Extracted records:
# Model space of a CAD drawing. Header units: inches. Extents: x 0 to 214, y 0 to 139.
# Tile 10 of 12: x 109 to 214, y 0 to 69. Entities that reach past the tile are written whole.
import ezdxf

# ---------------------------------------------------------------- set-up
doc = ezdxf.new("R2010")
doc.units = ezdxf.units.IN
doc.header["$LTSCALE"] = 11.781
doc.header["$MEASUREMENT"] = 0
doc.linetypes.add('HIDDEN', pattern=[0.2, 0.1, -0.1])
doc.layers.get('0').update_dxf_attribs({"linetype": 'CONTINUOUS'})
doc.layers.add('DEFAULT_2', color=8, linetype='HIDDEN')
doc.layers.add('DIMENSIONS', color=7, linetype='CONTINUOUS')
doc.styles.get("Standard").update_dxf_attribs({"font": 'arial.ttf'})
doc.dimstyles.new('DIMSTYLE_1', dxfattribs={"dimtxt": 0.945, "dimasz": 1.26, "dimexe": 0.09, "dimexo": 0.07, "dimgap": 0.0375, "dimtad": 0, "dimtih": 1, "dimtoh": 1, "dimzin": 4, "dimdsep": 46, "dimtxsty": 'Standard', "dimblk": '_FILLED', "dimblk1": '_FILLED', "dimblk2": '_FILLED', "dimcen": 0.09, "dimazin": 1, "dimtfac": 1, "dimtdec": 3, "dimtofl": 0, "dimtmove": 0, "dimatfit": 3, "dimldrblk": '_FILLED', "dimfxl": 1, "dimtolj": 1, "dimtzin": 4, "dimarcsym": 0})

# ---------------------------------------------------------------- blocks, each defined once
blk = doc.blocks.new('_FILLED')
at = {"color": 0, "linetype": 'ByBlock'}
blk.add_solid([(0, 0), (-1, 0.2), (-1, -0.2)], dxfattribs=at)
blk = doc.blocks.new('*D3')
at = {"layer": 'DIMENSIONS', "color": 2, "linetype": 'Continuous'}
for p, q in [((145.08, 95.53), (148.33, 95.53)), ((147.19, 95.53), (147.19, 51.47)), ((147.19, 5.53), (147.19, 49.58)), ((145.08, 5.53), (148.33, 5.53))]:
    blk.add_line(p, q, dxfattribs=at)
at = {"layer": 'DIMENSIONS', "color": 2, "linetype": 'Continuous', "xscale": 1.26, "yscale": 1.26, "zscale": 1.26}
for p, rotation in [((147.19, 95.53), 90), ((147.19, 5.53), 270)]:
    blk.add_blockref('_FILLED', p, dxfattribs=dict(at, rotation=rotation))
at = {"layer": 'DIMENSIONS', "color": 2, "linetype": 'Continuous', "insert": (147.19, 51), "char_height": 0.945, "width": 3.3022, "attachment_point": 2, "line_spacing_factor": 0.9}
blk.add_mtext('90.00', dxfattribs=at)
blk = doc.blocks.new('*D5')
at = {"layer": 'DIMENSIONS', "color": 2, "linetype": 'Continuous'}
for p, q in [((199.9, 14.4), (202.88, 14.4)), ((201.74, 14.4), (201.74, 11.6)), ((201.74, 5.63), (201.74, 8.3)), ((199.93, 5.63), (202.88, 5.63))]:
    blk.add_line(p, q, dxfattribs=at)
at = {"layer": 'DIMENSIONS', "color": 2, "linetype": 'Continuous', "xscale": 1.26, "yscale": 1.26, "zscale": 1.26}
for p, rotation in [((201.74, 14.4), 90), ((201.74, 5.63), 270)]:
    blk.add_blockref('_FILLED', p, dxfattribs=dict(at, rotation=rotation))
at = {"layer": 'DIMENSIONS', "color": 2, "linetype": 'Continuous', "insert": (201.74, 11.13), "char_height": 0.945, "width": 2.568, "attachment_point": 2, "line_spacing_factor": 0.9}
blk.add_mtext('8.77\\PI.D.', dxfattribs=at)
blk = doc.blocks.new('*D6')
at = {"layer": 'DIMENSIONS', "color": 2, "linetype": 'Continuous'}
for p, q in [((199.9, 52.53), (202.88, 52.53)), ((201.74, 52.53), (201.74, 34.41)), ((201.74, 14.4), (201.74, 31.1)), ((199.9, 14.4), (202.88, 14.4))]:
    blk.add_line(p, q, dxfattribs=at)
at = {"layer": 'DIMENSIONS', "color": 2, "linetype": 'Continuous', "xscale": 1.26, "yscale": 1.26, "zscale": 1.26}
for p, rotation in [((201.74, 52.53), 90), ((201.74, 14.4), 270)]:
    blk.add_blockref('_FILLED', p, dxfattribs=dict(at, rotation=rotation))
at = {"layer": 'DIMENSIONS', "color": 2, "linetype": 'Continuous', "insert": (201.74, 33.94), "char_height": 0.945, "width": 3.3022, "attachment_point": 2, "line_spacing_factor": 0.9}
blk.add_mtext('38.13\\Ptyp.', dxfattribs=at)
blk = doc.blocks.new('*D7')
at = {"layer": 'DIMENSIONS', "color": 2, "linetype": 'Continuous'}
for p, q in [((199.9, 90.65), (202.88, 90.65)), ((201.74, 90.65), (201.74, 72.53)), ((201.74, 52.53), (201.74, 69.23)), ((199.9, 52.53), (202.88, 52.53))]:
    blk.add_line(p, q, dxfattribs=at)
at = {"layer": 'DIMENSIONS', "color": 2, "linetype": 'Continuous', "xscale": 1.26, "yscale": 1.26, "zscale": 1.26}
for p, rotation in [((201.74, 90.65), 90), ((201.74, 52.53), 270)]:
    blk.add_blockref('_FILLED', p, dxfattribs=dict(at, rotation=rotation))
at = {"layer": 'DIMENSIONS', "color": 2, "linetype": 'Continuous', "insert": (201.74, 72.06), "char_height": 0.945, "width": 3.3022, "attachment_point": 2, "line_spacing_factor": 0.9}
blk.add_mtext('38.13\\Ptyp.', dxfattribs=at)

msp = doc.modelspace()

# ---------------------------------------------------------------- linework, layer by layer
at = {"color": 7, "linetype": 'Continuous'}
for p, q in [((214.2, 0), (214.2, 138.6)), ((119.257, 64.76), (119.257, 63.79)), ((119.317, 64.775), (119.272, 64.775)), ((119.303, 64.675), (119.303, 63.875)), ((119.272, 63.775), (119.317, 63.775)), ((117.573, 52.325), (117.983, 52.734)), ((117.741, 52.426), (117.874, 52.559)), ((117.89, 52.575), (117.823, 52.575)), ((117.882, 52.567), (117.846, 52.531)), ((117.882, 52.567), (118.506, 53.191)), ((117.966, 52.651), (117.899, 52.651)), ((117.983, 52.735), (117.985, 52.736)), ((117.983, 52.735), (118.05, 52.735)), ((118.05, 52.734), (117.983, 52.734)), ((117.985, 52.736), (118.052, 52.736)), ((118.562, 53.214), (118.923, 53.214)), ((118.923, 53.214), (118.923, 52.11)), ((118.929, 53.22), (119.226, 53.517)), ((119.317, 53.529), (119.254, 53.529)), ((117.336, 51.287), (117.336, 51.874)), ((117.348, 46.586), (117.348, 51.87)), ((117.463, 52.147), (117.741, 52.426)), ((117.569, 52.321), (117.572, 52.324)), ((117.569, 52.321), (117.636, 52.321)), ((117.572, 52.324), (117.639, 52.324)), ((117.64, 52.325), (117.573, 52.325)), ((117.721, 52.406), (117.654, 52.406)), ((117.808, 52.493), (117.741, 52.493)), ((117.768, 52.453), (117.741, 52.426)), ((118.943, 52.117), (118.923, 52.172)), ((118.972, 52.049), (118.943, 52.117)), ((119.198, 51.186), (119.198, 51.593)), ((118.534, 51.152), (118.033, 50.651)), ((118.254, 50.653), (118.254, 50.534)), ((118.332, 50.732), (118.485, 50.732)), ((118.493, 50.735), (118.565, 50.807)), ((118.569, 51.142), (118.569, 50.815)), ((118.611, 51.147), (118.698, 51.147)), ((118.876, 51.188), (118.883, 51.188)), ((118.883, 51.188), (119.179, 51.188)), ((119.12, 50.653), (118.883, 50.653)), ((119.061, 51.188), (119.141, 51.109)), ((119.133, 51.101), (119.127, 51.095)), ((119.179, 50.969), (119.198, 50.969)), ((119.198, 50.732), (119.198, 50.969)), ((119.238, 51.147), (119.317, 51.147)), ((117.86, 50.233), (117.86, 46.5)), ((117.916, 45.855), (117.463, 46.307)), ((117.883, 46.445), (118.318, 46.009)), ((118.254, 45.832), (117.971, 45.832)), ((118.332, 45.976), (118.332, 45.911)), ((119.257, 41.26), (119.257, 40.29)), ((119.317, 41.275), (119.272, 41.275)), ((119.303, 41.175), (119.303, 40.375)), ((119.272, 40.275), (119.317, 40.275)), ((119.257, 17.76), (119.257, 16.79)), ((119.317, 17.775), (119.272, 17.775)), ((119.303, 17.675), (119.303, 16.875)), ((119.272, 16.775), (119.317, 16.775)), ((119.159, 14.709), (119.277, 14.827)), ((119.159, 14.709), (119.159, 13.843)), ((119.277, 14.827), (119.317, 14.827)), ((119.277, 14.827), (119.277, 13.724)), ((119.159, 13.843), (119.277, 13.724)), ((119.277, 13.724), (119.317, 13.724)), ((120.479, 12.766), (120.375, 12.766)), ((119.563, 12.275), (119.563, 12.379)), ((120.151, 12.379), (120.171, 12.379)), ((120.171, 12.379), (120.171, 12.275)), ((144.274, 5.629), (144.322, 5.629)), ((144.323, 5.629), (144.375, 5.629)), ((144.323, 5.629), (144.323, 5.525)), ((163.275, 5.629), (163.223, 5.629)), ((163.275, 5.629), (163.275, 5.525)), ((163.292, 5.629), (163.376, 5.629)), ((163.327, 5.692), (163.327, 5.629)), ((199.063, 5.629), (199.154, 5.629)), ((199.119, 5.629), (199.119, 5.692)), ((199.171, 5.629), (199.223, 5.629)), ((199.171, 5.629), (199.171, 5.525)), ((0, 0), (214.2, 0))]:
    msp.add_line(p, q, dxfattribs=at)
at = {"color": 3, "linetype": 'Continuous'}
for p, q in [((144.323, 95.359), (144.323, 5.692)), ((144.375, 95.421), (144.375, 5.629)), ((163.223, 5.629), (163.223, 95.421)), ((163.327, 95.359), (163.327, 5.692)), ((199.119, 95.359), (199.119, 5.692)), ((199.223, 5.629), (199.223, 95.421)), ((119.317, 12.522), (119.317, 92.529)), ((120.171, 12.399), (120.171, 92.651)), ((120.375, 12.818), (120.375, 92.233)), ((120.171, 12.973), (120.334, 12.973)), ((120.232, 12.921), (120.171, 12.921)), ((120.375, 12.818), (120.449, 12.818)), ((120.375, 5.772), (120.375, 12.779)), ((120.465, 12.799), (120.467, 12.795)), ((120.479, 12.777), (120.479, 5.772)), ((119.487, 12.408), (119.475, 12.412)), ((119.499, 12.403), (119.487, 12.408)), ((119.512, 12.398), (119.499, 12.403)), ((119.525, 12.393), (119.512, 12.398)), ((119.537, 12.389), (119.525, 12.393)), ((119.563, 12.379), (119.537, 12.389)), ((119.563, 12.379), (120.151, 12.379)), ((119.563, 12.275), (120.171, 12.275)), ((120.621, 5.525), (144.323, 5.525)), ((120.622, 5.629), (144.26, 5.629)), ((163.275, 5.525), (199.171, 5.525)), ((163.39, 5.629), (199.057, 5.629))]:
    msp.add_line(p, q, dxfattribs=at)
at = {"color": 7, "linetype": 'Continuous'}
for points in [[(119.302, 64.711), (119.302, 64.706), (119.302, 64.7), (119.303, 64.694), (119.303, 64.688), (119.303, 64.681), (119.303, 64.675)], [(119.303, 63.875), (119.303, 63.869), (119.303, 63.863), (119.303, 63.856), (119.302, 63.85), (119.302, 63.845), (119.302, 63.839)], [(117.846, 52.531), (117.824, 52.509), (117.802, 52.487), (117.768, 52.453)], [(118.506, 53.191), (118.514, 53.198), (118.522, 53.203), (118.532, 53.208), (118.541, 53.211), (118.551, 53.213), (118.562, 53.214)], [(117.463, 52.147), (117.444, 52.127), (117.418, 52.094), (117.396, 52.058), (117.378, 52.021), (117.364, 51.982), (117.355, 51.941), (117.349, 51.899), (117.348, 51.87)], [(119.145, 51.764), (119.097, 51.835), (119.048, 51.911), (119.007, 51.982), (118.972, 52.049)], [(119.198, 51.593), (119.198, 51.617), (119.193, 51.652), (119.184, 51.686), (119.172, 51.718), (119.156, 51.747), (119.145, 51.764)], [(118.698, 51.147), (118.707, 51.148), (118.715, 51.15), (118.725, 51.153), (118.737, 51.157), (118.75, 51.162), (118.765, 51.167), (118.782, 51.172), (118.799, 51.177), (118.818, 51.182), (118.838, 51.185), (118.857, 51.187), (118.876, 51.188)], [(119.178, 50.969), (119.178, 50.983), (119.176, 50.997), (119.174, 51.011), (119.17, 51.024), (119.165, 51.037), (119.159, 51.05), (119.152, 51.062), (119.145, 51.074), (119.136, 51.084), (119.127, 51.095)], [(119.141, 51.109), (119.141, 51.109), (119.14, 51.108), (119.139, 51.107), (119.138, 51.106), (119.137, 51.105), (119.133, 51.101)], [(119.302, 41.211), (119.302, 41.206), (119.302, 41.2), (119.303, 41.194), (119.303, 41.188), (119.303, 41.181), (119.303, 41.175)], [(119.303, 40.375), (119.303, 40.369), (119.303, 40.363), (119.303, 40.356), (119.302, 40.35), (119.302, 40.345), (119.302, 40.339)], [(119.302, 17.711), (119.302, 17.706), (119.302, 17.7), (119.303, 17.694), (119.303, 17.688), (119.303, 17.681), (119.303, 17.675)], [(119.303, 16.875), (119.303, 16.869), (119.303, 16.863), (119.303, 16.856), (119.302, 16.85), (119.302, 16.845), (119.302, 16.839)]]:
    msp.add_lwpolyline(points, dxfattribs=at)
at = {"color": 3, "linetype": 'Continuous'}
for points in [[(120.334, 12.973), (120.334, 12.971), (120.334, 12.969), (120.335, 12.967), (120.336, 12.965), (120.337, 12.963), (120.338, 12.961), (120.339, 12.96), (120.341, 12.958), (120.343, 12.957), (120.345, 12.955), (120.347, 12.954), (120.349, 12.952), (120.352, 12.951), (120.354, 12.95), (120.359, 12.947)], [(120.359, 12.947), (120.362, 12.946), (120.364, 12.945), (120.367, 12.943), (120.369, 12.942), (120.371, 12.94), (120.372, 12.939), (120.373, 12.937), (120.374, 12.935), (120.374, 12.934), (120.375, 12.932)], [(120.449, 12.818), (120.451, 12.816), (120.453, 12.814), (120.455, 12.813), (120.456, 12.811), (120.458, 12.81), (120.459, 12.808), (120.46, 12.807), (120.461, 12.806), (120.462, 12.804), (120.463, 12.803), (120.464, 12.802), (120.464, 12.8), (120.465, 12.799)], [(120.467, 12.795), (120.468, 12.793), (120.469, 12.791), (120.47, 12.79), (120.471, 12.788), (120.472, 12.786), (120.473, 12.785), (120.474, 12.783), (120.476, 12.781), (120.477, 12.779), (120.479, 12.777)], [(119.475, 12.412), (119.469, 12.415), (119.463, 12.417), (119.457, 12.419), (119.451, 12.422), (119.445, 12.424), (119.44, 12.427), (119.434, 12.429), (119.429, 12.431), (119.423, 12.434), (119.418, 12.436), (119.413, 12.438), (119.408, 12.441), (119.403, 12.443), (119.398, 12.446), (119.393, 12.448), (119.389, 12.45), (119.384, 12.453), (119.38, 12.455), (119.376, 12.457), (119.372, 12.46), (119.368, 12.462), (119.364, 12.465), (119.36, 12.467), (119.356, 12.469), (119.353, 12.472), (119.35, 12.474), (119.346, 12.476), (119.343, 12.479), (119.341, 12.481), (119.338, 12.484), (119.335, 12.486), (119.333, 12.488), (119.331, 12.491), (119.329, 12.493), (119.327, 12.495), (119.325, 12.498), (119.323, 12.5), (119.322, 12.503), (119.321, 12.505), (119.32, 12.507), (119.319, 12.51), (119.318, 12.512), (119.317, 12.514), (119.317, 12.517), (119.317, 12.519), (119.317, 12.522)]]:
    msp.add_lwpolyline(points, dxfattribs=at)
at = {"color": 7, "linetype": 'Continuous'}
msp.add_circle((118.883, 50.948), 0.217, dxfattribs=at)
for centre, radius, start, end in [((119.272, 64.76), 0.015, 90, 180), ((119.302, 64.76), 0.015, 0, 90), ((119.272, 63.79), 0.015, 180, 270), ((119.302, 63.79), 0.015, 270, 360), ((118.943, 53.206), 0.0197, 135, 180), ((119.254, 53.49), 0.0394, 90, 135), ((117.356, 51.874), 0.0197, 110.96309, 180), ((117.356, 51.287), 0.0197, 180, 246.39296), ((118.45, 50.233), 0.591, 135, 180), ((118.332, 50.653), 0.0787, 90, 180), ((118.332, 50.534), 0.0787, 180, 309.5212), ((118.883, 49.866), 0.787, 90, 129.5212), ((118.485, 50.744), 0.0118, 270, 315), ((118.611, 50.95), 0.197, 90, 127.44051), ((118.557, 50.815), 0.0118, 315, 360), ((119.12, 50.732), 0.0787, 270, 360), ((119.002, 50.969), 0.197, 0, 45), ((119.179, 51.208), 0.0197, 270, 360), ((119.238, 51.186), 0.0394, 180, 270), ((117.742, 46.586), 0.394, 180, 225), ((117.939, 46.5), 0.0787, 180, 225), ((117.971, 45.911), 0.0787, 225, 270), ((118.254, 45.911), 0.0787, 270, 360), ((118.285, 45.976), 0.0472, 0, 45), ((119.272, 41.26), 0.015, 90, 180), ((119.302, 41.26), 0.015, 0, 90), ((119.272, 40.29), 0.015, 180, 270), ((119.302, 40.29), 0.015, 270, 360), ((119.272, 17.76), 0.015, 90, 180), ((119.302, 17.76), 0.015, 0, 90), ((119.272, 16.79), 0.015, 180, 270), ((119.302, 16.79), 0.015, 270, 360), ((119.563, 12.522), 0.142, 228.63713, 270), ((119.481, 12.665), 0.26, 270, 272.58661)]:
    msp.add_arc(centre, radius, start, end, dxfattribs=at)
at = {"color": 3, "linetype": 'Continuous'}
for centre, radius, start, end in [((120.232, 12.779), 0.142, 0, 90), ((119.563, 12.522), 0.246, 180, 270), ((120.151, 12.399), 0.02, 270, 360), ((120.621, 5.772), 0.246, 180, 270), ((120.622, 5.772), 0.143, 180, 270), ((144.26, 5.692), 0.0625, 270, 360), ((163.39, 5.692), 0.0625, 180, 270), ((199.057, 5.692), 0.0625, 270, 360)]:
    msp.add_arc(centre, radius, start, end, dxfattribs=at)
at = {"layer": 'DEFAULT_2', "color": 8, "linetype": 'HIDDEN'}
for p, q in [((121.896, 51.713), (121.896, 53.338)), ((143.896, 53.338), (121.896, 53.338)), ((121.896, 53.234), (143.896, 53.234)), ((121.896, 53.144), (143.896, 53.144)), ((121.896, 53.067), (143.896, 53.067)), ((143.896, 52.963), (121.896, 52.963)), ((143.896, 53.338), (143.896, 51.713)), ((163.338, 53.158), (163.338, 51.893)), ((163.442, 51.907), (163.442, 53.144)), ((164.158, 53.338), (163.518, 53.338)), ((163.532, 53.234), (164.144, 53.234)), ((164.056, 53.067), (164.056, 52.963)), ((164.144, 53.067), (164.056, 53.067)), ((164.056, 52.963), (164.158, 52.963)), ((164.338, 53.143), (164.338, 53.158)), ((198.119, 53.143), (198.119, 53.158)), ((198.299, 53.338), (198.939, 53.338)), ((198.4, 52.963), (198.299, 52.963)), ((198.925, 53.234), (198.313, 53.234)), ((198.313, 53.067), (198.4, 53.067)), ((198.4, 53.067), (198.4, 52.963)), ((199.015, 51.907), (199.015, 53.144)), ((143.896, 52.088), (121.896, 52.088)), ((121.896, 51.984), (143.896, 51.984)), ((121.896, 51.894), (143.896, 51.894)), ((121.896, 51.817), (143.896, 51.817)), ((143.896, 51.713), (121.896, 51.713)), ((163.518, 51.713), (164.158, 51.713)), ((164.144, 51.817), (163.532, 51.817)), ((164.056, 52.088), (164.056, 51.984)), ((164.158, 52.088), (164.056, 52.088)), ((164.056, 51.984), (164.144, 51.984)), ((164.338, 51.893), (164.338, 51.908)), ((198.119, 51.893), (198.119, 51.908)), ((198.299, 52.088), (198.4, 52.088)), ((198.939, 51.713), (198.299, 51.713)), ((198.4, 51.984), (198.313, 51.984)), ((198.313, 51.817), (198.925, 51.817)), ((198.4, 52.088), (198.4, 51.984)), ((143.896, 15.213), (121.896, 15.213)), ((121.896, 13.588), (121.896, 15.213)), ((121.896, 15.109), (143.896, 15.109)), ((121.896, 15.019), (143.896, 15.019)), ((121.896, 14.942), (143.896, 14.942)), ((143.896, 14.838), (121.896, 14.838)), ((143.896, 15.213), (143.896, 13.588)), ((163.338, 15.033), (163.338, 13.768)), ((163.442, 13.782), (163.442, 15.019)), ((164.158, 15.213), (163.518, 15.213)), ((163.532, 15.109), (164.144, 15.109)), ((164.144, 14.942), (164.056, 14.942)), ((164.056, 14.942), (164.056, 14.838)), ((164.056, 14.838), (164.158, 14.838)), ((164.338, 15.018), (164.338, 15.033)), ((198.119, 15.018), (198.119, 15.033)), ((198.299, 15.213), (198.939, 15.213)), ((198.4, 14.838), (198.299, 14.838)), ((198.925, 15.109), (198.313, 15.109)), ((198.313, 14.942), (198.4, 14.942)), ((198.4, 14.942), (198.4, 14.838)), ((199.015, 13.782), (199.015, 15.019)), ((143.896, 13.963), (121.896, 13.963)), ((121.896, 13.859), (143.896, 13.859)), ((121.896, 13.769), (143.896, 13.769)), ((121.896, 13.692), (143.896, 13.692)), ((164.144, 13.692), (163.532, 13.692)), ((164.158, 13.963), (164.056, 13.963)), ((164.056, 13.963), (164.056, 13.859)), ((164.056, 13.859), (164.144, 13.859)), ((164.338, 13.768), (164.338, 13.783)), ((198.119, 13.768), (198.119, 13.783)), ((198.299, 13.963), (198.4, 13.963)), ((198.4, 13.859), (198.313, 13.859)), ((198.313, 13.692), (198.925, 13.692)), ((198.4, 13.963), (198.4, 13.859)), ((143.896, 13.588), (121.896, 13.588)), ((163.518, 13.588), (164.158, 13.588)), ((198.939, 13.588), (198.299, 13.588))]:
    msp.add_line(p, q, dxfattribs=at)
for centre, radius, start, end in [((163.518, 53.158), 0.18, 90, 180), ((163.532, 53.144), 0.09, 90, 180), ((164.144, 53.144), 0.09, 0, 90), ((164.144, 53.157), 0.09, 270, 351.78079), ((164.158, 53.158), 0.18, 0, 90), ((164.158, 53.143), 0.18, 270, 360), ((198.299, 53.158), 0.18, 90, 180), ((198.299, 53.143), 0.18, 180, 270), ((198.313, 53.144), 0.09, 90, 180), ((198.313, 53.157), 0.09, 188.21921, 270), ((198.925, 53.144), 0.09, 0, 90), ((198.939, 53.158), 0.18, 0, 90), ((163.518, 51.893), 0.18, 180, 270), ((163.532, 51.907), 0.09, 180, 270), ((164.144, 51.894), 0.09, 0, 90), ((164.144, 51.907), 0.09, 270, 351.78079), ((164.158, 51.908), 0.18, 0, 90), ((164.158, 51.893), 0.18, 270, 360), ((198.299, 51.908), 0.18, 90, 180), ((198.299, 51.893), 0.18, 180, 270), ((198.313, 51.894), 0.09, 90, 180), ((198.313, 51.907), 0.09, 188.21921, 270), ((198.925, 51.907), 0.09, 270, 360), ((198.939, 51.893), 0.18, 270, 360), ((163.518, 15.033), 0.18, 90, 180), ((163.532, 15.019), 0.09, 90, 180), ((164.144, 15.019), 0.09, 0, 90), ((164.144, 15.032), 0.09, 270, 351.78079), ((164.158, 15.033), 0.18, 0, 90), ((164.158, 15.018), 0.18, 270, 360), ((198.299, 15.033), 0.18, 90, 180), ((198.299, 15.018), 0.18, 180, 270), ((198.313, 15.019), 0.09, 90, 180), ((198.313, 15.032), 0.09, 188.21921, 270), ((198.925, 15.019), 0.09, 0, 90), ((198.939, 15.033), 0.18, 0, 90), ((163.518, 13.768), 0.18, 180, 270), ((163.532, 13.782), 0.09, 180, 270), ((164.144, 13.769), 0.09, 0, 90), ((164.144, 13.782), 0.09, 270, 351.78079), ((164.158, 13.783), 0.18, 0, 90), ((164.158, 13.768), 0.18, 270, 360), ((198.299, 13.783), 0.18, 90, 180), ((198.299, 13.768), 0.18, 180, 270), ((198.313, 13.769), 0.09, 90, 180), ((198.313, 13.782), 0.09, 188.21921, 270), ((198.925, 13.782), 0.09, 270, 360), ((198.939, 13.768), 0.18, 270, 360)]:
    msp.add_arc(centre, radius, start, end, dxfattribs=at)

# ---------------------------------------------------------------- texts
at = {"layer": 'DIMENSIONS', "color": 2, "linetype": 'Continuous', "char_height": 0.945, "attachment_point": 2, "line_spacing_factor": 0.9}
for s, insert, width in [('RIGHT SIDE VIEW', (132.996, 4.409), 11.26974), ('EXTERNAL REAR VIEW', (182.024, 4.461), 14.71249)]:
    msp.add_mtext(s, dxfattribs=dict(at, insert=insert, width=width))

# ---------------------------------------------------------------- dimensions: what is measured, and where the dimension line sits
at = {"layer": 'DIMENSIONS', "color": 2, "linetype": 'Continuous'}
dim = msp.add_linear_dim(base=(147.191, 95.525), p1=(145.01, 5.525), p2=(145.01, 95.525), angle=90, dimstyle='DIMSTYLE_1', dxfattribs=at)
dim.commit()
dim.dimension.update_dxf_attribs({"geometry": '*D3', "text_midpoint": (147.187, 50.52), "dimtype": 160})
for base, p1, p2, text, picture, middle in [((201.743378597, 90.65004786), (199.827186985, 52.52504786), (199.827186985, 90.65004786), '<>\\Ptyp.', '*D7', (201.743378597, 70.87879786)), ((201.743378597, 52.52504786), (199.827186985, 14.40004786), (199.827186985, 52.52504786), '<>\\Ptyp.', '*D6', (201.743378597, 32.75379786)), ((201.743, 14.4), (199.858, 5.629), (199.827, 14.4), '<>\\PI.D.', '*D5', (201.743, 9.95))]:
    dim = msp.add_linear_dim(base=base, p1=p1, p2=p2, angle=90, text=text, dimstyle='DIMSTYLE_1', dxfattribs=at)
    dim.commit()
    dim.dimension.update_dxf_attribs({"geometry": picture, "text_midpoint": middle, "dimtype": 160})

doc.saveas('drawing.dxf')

**Work to complete**
What is needed is each line of the entries that contains the word "ezdxf".

**Response area**
import ezdxf
doc = ezdxf.new("R2010")
doc.units = ezdxf.units.IN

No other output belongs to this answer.